Um grupo de ataque naval americano, descrito por Trump como uma “armada” e liderado pelo porta-aviões USS Abraham Lincoln, está em águas do Oriente Médio.

O presidente afirmou estar “pronto, disposto e capacitado para cumprir rapidamente sua missão, com força e rapidez, se necessário”.

A rede CNN informou que Trump estaria considerando um ataque após o fracasso das negociações nucleares.

“Confiança”

“O ouro é o oposto da confiança. Quando a credibilidade das políticas enfraquece, o metal deixa de atuar apenas como proteção e passa a ser uma alternativa. É isso que estamos vendo agora. Não se trata de medo de recessão”, avaliou o analista de mercados Stephen Innes.

Em Hong Kong, investidores que buscam lucrar com a alta dos metais preciosos passaram a comprar barras de prata como alternativa ao ouro, que se tornou inacessível devido ao preço recorde.

Apesar do aumento da oferta para atender à forte demanda, lojas do centro financeiro semiautônomo chinês relataram o esgotamento de centenas de barras em pouco mais de uma hora.
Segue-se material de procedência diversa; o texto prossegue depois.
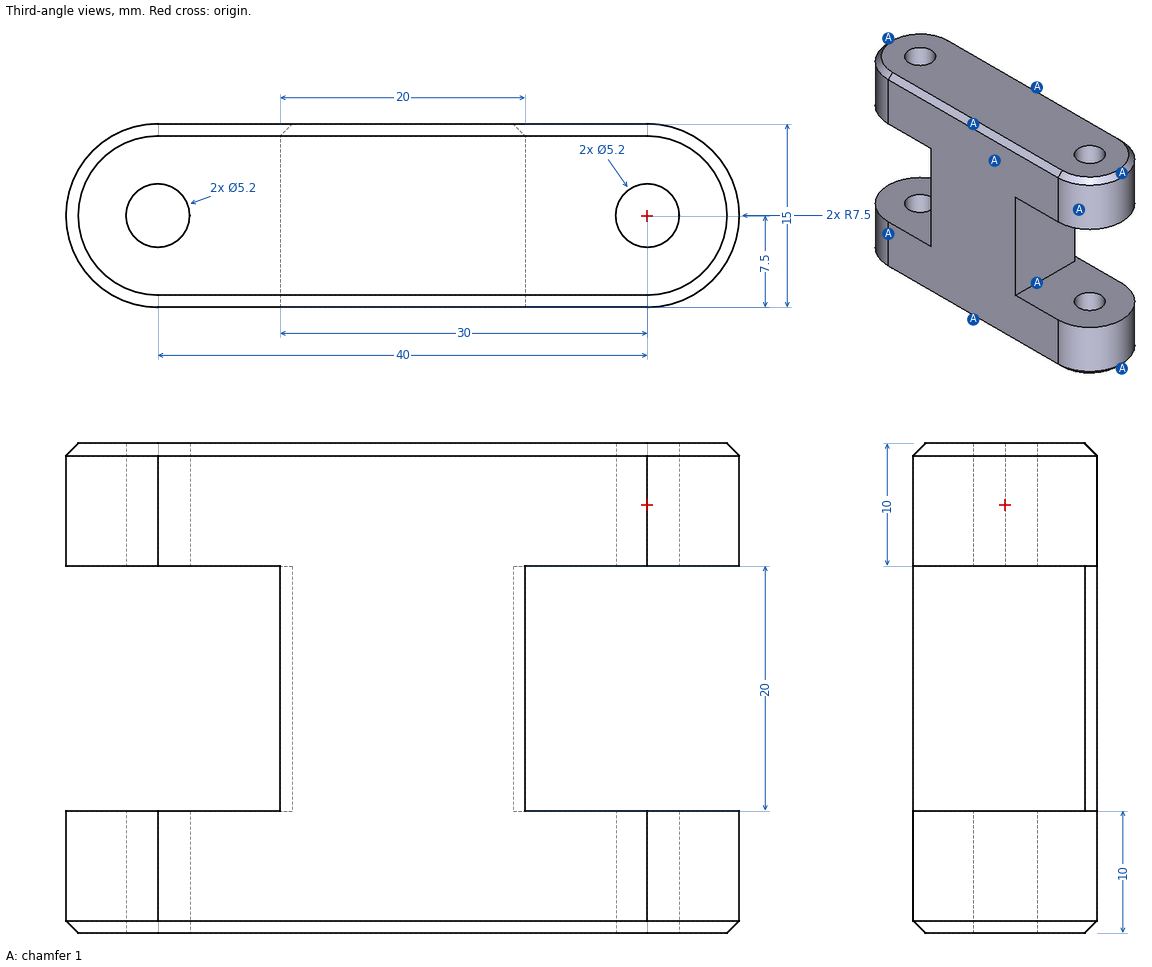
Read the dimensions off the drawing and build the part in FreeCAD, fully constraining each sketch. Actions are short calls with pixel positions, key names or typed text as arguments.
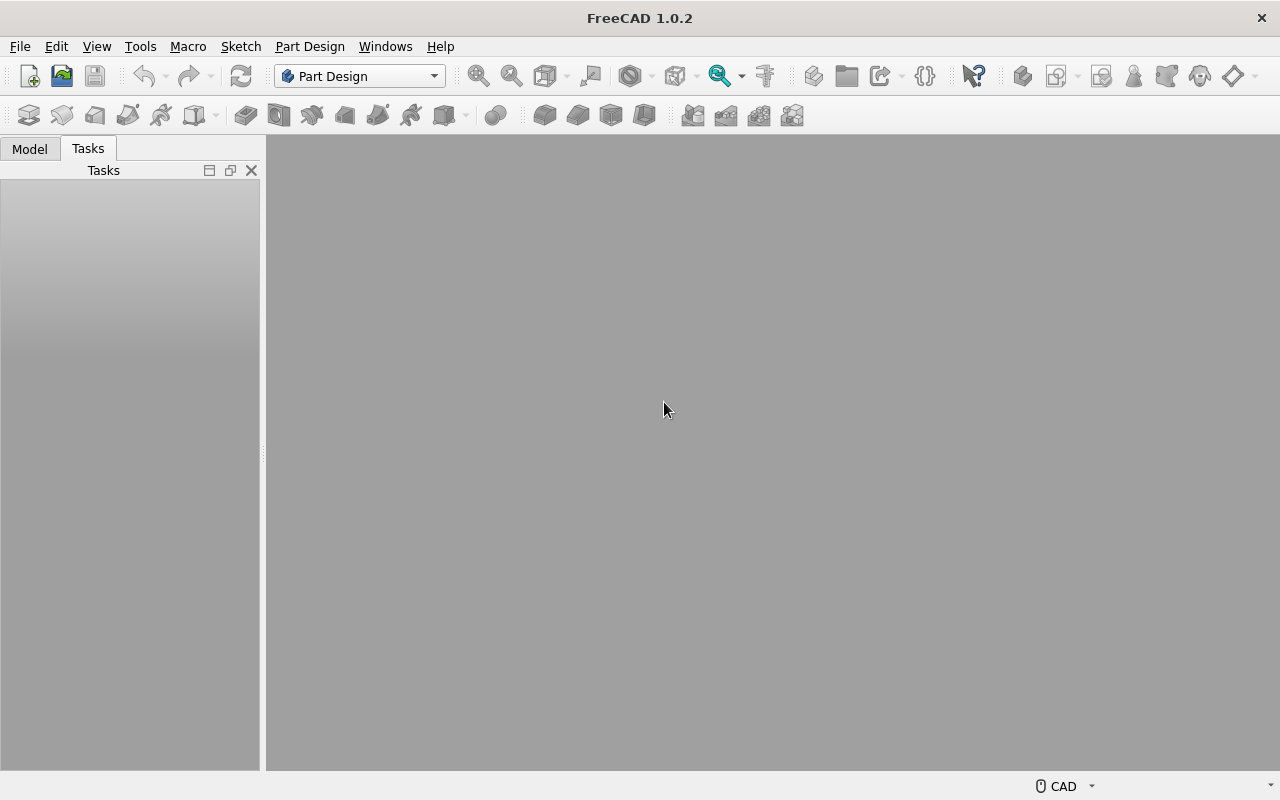
key(ctrl+n)

Ken Wong, aposentado de 65 anos, entrou na fila da loja Lee Cheong por volta das 5h e conseguiu comprar cinco barras de prata. Ele afirmou à AFP que a compra permite investir rapidamente em um ativo em alta, já que o ouro ficou “caro demais”.

Em outro movimento, o aumento das tensões geopolíticas também elevou os preços do petróleo em quase 2%. O West Texas Intermediate atingiu o nível mais alto desde setembro, enquanto o Brent do Mar do Norte alcançou a maior cotação desde julho, em meio a preocupações com a oferta.

O dólar segue pressionado, mesmo após o secretário do Tesouro dos Estados Unidos, Scott Bessent, declarar à CNBC que “os Estados Unidos sempre tiveram uma política de dólar forte”, um dia depois de Trump ter demonstrado apoio à desvalorização da moeda.